30 years a Georgian

David Epps's picture

During June 1983, my family moved to Georgia. We came here from Grand Junction, Colo., where we spent two and a half years while I served as an assistant minister at a large church.

Prior to that, with the exception of service in the Marine Corps, we were in Tennessee. I was born a Tennessean. My wife was born in Cheyenne, Wyo., but only spent nine days there before her family moved to Tennessee. My two older sons were born in Tennessee while the youngest was born in Colorado.

We came here so that I could assume the pastorate of what was then a small church only four and a half years old. I was 32 years old.

There are some decisions in my life that I regret. Coming to Georgia is not one of those decisions.

It was a struggle, during those early years, to be sure. I made $23,000 back in those days as a junior minister in Colorado. My wife made about $21,000 as a registered nurse. She felt that, if we came to Georgia, she should not work for a time and that she should assist me with the church duties. The church offered me $16,000 with no benefits. Thus, we took a $28,000 annual cut in pay to relocate. There is where the struggle came in.

Yet, slowly but surely, the church grew and the church board gave salary increases. Not once did I ever ask for a raise. Not once did we fail to pay a bill or to write a tithe check. Eventually, we bought a house and, as the family grew, we bought another. My boys developed a Southern accent and finished high school in Georgia. All played sports and all were married in Georgia. Two remain in Georgia while the youngest joined the U.S. Air Force, met his future wife in Texas, and settled in New Mexico.

Of the 11 grandchildren, nine were born and bred in Georgia, the other two in New Mexico. The oldest grandchild just graduated from high school and is on her way to a Georgia college.

My wife, who received her first nursing degree from East Tennessee Sate University, took three more degrees over the years from Georgia universities and is a professor and an associate dean at a school of nursing in a west Georgia university.

We have had the opportunity to relocate to other states but we have declined. The future is unknowable but, unless something changes, I would say that we will live out our years in Georgia. I can’t speak for what the two oldest sons and their families will do long-term but I support their decisions whatever they may be.

One of the good things about living in a place for a long time is that one can put down roots, make friends, and watch as people grow and change. I had dinner the other night with a friend that I met during those early years. I married him and his wife. I baptized or dedicated their three children. Now they are grandparents themselves.
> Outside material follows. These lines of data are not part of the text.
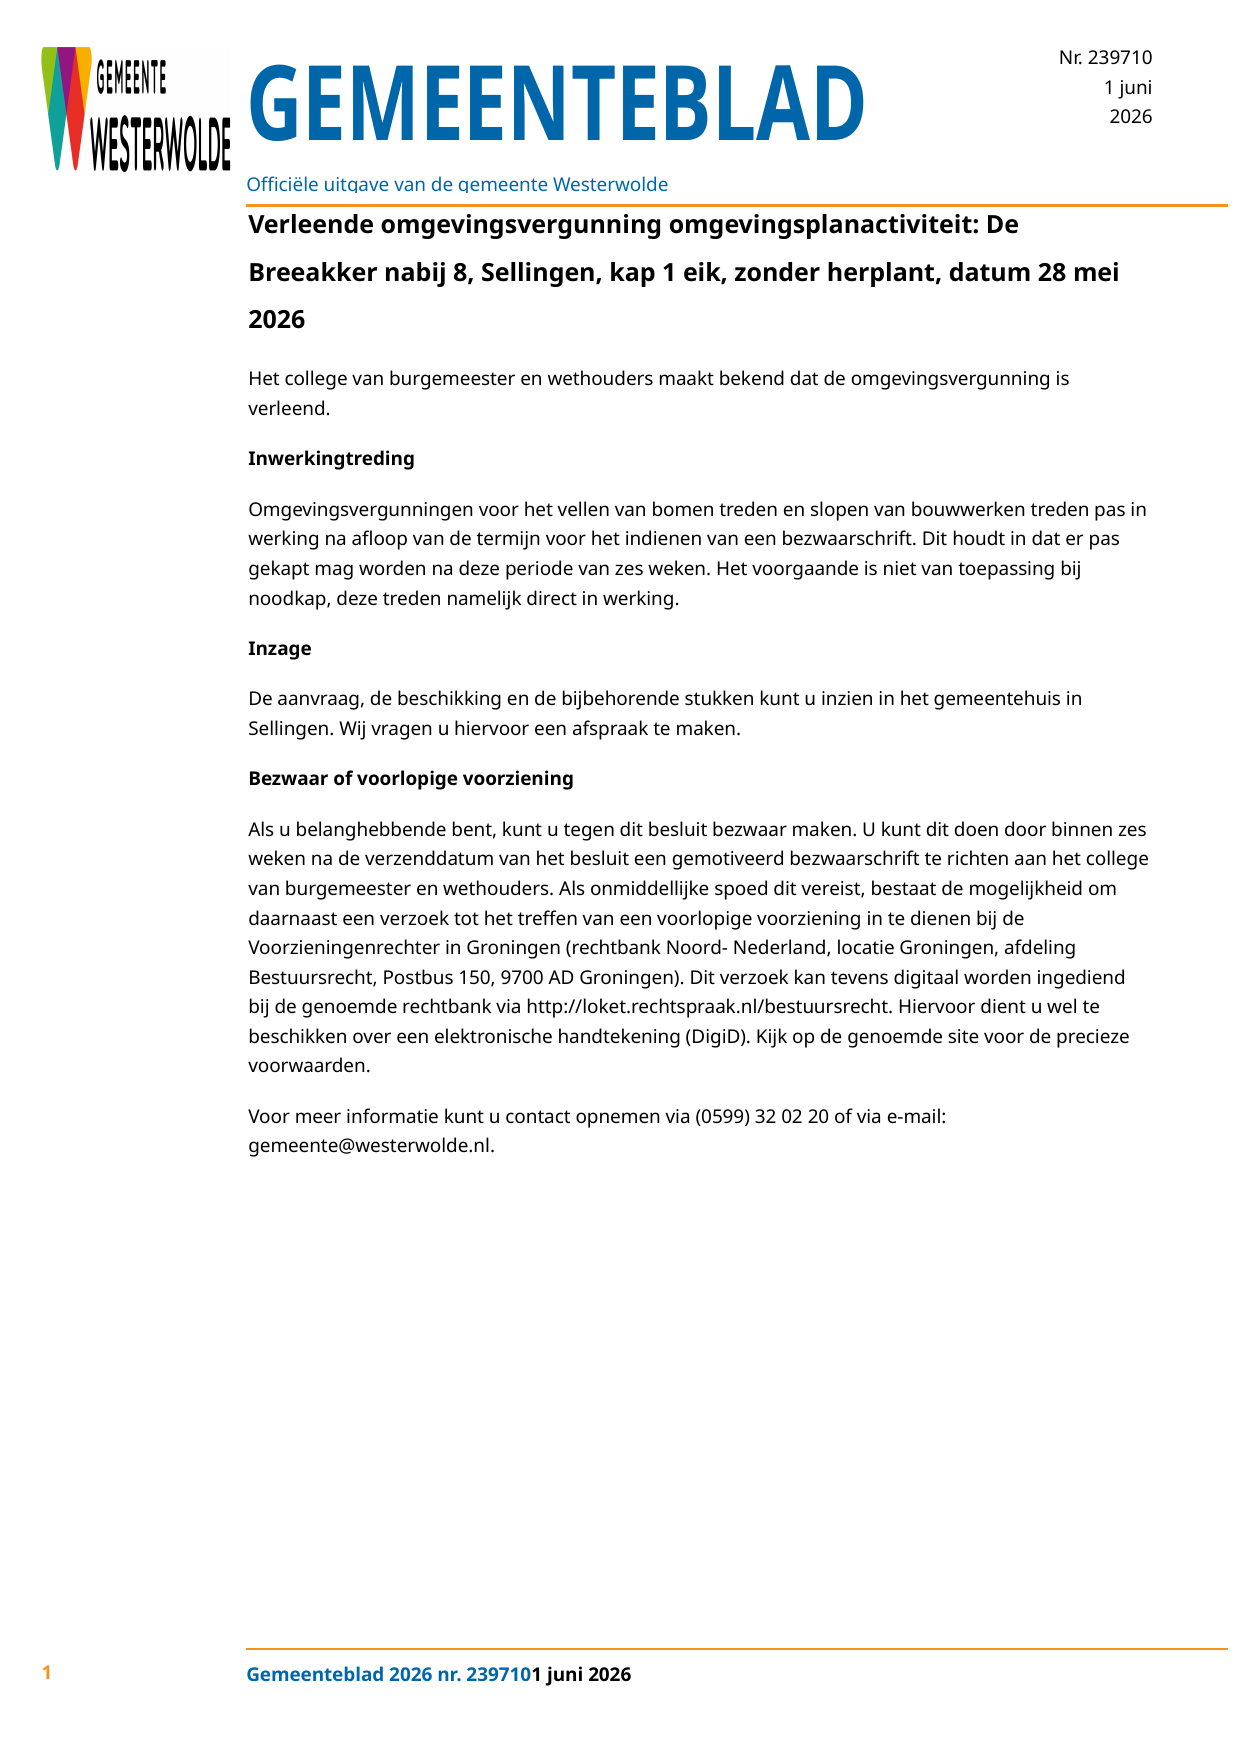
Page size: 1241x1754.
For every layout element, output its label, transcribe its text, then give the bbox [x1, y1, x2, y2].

picture [41, 47, 231, 172]
text Omgevingsvergunningen voor het vellen van bomen treden en slopen van bouwwerken treden pas in werking na afloop van de termijn voor het indienen van een bezwaarschrift. Dit houdt in dat er pas gekapt mag worden na deze periode van zes weken. Het voorgaande is niet van toepassing bij noodkap, deze treden namelijk direct in werking. [248, 496, 1152, 610]
text De aanvraag, de beschikking en de bijbehorende stukken kunt u inzien in het gemeentehuis in Sellingen. Wij vragen u hiervoor een afspraak te maken. [248, 686, 1152, 741]
text Inzage [248, 635, 1152, 661]
text Bezwaar of voorlopige voorziening [248, 766, 1152, 791]
text Verleende omgevingsvergunning omgevingsplanactiviteit: De Breeakker nabij 8, Sellingen, kap 1 eik, zonder herplant, datum 28 mei 2026 [248, 207, 1152, 336]
text Het college van burgemeester en wethouders maakt bekend dat de omgevingsvergunning is verleend. [248, 366, 1152, 421]
text Als u belanghebbende bent, kunt u tegen dit besluit bezwaar maken. U kunt dit doen door binnen zes weken na de verzenddatum van het besluit een gemotiveerd bezwaarschrift te richten aan het college van burgemeester en wethouders. Als onmiddellijke spoed dit vereist, bestaat de mogelijkheid om daarnaast een verzoek tot het treffen van een voorlopige voorziening in te dienen bij de Voorzieningenrechter in Groningen (rechtbank Noord- Nederland, locatie Groningen, afdeling Bestuursrecht, Postbus 150, 9700 AD Groningen). Dit verzoek kan tevens digitaal worden ingediend bij de genoemde rechtbank via http://loket.rechtspraak.nl/bestuursrecht. Hiervoor dient u wel te beschikken over een elektronische handtekening (DigiD). Kijk op de genoemde site voor de precieze voorwaarden. [248, 816, 1152, 1078]
text Inwerkingtreding [248, 446, 1152, 471]
text Voor meer informatie kunt u contact opnemen via (0599) 32 02 20 of via e-mail: gemeente@westerwolde.nl. [248, 1103, 1152, 1158]

The church I came to serve in Georgia, I served for over 13 years. It is no longer a small church and I am proud of the small part I played in its growth. Almost 17 years ago, I left that church and did something I had never done — I planted a mission church. I am deeply gratified at what God has done there as well.

This past Sunday, a young man and his family were in our church. When I first met him, he was in elementary school. Somewhere I have a photo of the kids at church praying for him when he was in the sixth grade. He now plays in the National Football League and is a graduate of Georgia Tech, where he excelled. Those who have grown up and done well are too numerous to count. Yet, I am proud of them all.

Hopefully, I have “miles to go before I sleep.” I have embraced Georgia and love it here and I pray that I have many more years to serve.

One thing, however, I have been unable to do. In one certain football game each year, I have been unable to root for the University of Georgia.

I suppose you can take the boy from the mountains but it’s hard to get the mountains out of the boy.

So, even after 30 years, this fall I will still say, “Go Vols! Beat Georgia!” I was, after all, raised in the hills as a Tennessee boy.

 [David Epps is the pastor of the Cathedral of Christ the King, 4881 Hwy. 34 E., Sharpsburg, GA 30277. Services are held Sundays at 8:30 and 10 a.m. (www.ctkcec.org). He is the bishop of the Mid-South Diocese (www.midsouthdiocese.org). He may be contacted at frepps@ctkcec.org.]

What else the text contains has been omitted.